Type 1 diabetes (T1D) is a multifactorial autoimmune T-cell-mediated disease resulting from selective destruction of the insulin producing β cells in the pancreatic islets, leading to an absolute insulin deficiency. The risk of developing T1D is determined by a complex interaction between multiple genetic and environmental factors.

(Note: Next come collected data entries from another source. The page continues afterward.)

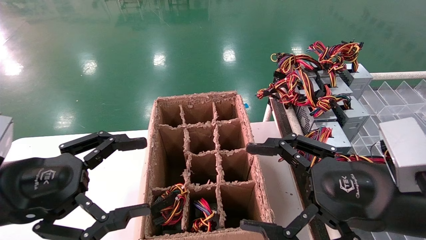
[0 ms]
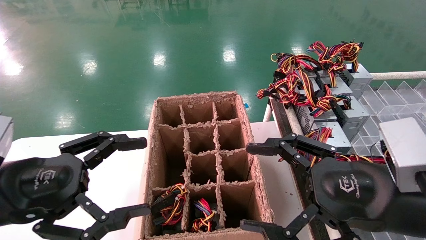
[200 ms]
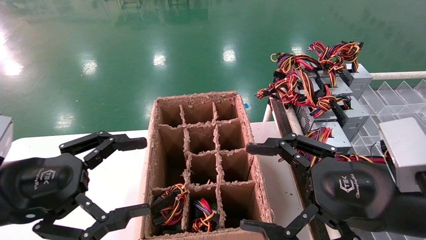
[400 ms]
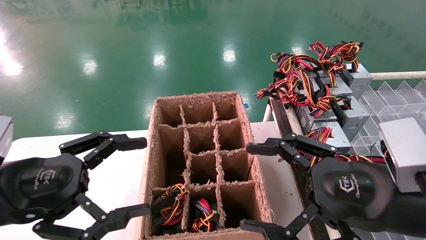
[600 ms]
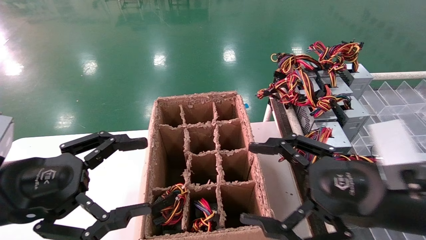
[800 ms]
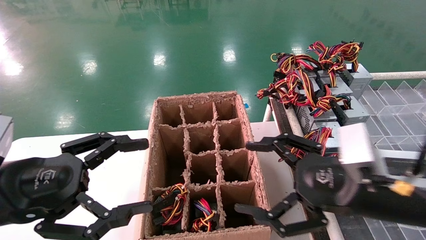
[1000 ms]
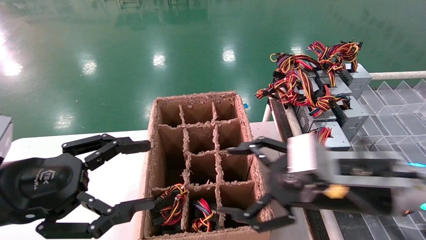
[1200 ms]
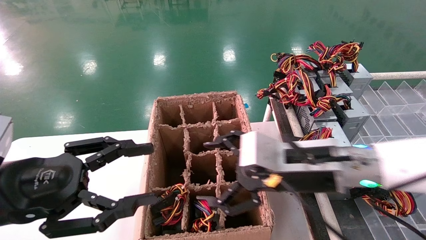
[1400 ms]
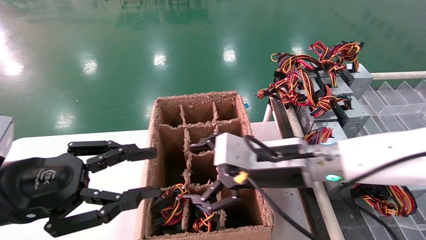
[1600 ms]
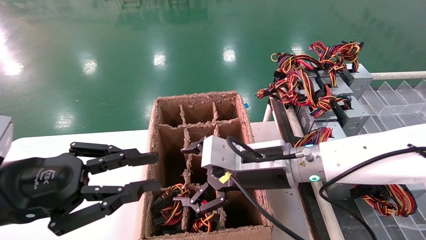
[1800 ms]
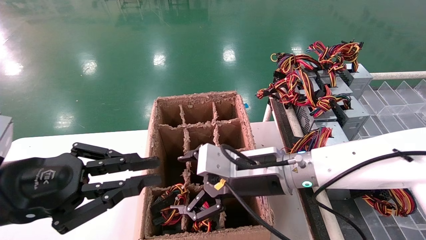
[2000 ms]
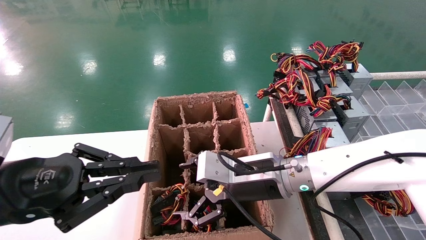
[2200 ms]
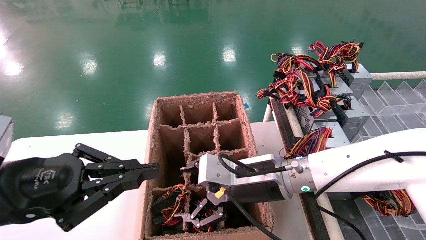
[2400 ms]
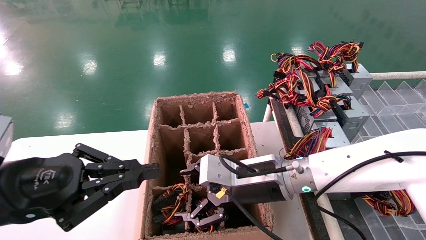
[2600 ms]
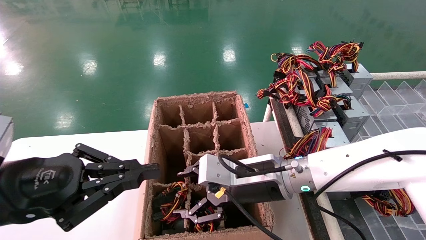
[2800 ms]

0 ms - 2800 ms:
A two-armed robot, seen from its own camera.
0 ms - 1400 ms: The right gripper heads forward and to the left, covering some 15 cm.
1400 ms - 2800 ms: The right gripper shifts some 5 cm to the left, while the left gripper closes up.

Although susceptibility to disease is strongly associated with alleles in the major histocompatibility complex (MHC) [1, 2], there are more than 20 putative T1D susceptibility regions identified by linkage and association studies [3, 4]. At present, several non-MHC susceptibility loci with modest genetic effects have been clearly defined. However, it is well known that many non-MHC loci predisposing to T1D remain as yet undefined [5].

Type 1 diabetes is a chronic degenerative disease, with altered metabolism characterized by hyperglycemia and ketoacidosis and T1D patients depend on exogenous insulin to sustain life. The role of the carnitine system in cell metabolism is mainly known in the mitochondria, where the interaction between fatty acid and glucose metabolism is fundamental for cell energy production [6, 7]. However, carnitine not only contributes to the transport of activated long-chain fatty acids into mitochondria for β-oxidation, but it also increases the sensitivity of cells to insulin [8]. Decreased plasma carnitine levels have been reported in patients with type 2 diabetes [911] and some studies have investigated the carnitine status in T1D, finding similar results [1215].

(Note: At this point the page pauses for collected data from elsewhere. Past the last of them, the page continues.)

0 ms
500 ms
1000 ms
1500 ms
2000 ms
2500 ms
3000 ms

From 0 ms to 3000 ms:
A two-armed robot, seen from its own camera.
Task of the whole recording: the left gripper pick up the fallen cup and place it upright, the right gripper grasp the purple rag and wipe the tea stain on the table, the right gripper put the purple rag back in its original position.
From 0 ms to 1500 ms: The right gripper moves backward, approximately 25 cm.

Adequate carnitine levels are required for normal lipid metabolism and are important for energy metabolism [16]. One important component of the carnitine system is the plasma membrane carnitine transporters, named organic cation transporters (OCTN1 and OCTN2) encoded by the SLC22A4 and SLC22A5 genes, respectively. Both genes map to the cytokine gene cluster on chromosome 5q31 and show 88% homology and 77% identity in their sequences. Despite OCTN1 and OCTN2 are considered as carnitine transporters, only OCTN2 is a high-affinity human carnitine transporter, while the carnitine transport activity of OCTN1 is very low [17, 18]. In fact, a recent study has reported that the main substrate of this transporter is the ergothioneine, an intracellular antioxidant with metal ion affinity, which is transported one hundred times more efficiently than carnitine [18]. OCTN2 is widely expressed in many adult tissues, among them in pancreas, and it participates, at least in part, in proton/organic cation antiport at the renal apical plasma membrane level [19].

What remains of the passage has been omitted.